We start from the hypothesis that UV light, generated as a result of mitochondrial activity, is leading to a delocalized excitonic state within the microtubuli, leading to cooperative effects like superabsorption and supertransfer. Quantum calculations suggest this mechanism is possible and could explain uncleared observations in brain functioning.  This coherent excitonic transmission serves a so far unknown cellular function but since the vast majority of cellular functions go along with specific protein-protein interactions (PPIs), often combined with the appearance/disappearance of protein post-translational modifications (PTMs), the unknown function may be recognized by changes in these processes. We will search for correlations between quantum (coherent and super-transfer) properties of chromophore networks in tubulin mutants/isoforms and their biochemical effects, like changed association with tubulin-associated proteins (TAPs) and/or changed post-translational modifications on tubulin.

Pending: molecular characterization of a magnetosensing system in neuroblastoma cells

In collaboration with prof. Margaret Ahmad (Sorbonne Université, Paris, France)

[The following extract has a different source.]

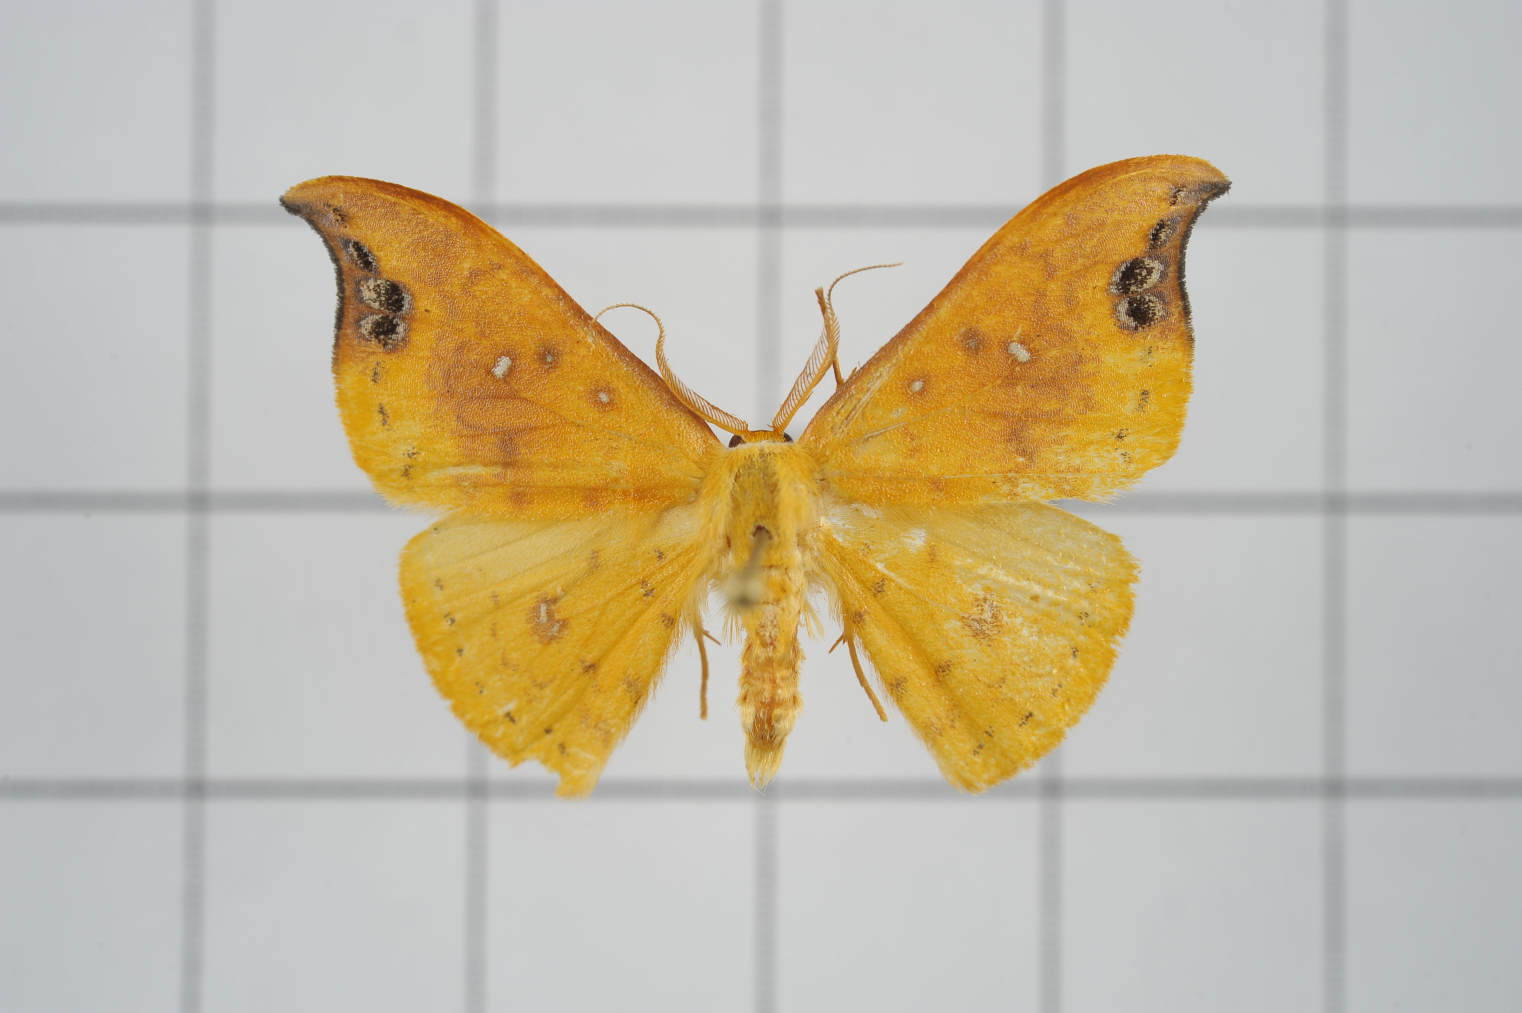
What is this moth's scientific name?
Tridrepana unispina

The higher brain functions from mammals belong to the highest level of biological activities. Yet, all these functionalities cannot be facilitated purely by diffusion or chemical interactions acting at the length scale of several nm. A fast, efficient physical mechanism acting at large length scales should be involved. It has been shown that migrating birds are able to sense the earthmagnetic field via a molecule called cryptochrome. This protein produces a radical pair occurring in a singlet-triplet configuration and external magnetic fields can interfere with the dynamics of the singlet-triplet interconversion thereby influencing reactive oxygen species (ROS) signaling pathways. We therefore wish to dissect the molecular mechanism of Cry1 magnetosensing in neuroblastoma cells by investigating changes in protein redox states, radical production, posttranslational modification and in the proximity of Cry1 after exposure to magnetic fields. The results will lead to a comprehensive overview of the working mechanism of the Cry1 system and possibly of other magnetosensing systems also, and could help in optimizing current FDA approved methods like transcranial magnetic stimulation for treatment of neurological and on-neurological diseases.